[kepler-dev] Code Freeze Proposal
Chad Berkley
berkley at nceas.ucsb.edu
Fri Dec 18 10:14:08 PST 2009
Aaron Schultz wrote:
>
> Hi Chad,
>
> I think we need some common definitions of the different pieces of the
> system here.
> I'll try to introduce these definitions as I step through the Save KAR
> process.
>
> The save process for a KAR is:
> 1) User initiates the save via a gui action (preferably a subclass of
> ExportArchiveAction)
> or a save is programmatically done by some code somewhere
> let's call this the "Save Context"
> perhaps it's a right click on an actor on the canvas
> or a user selects "File->Save Archive" from the main menu
> or right clicking on a set of WorkflowRuns in the Workflow Run Manager
> or at the end of an execution of a workflow on a server a program saves
> the results to a KAR file
> 2) The save context adds some NamedObjs to the SaveKAR object
> Let's call the objects in this list the "Save Initiator Objects"

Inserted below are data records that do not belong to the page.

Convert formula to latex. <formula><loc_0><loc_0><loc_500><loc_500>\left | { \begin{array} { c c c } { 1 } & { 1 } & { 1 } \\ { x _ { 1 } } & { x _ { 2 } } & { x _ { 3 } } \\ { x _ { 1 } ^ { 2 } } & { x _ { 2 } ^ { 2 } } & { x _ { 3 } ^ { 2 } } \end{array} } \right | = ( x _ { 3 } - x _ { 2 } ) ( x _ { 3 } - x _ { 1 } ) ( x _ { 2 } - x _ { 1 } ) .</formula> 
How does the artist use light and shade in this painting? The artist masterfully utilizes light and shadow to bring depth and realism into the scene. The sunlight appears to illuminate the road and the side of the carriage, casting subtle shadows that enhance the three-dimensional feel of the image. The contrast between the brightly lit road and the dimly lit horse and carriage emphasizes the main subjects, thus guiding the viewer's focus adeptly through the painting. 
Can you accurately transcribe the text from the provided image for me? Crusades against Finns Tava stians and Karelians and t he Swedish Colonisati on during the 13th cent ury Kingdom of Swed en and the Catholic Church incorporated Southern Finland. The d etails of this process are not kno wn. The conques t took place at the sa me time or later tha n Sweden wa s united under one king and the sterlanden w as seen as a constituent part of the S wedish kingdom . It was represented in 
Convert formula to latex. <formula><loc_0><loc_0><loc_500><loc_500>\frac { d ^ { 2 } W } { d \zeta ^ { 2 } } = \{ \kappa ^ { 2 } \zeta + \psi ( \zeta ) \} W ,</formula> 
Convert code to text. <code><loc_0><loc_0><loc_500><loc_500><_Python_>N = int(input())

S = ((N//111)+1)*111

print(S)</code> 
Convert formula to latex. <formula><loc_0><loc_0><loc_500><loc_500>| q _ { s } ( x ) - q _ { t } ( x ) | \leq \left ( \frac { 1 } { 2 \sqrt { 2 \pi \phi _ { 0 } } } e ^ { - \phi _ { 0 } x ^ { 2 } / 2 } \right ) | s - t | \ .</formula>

> My proposal is that we only allow ComponentEntities to be "Save
> Initiator Objects" to make it more
> obvious to the developer how to use the system
> (currently any NamedObj is allowed which has lead to people just
> trying to add everything they want in the KAR at this stage)
This makes sense to me.
> 3) The SaveKAR object then calls the save method of all KAREntryHandlers
> that have been
> registered in the system by different modules, passing to the save
> method the "Save Initiator List"
> (actually at the moment it passes one LSID at a time to the save
> method, looping through all the EntryHandlers for each object in the
> Initiator List, probably we should just be passing in the whole list of
> initiators to the save method and only calling each EntryHandler once)
Yeah, I think passing the list of objects to save would be better. Let
the saving object handle them all. Less work for the developer using
the API and less error prone.
> 4) Each KAREntryHandler generates a list of KAREntries that should be
> saved in the KAR file based
> on this Save Initiator list of objects that it received
> (and based on any information generated in the Save Context, e.g. a
> user specified selection of WorkflowRuns)
Seems pretty straight-forward.
> 5) The SaveKAR object then builds and saves the KAR. It includes all of
> the KAREntries that were returned
> by the KAREntryHandlers and nothing more. It also adds all the
> KAREntries to the Cache after the save has succeeded (provided the kar
> was saved in a local repository)
>
So what if it's not saved to the local repository? Wouldn't we still
want to cache it? I guess not if the user is saving to some random
directory, but if they are uploading it to another repository, I think
we'd want to cache it.
>
> You see here that the "Save Context" and the "EntryHandler" are things
> that exist in whatever module they are defined in and only the
> SaveKAR object is in the core. By going through all the Handlers in
> this way we can have many modules contributing objects to the KAR
> without knowledge of what the other modules are doing. In some cases
> however the modules are tightly coupled, for example a ROML and a RIO
> are really associated with a WorkflowRun which is in turn associated
> with a Workflow. So this may bring up the need for a more tiered
> approach that may need to call the EntryHandlers on multiple passes.
>
> Imagine the Save Initiator List starts off with only ComponentEntities
> in it. Then it runs through all the EntryHandlers on a first pass,
> passing the Save Initiator ComponentEntities to the save methods of the
> Entry Handlers. Let's call all of the KarEntries returned by this first
> pass through the EntryHandlers, the "Pass 1" Kar Entries. Now the "Pass
> 1" Kar Entries could be passed into the KAREntryHandler save methods on
> the second pass, this would return another set of KarEntries that we'll
> call the "Pass 2" Kar Entries. You can see here that we're now walking
> down the dependency chain, the first pass had ComponentEntities as the
> input, which returned any objects that were dependent on the
> ComponentEntites, for example the WorkflowRuns, then the second pass had
> the WorkflowRuns as the input which might return the ROML and RIOs
> associated with the WorkflowRuns. This iterative process would go on
> until the KAREntryHandlers were not returning any more KAREntries and
> all of the dependencies had been added to the KAR.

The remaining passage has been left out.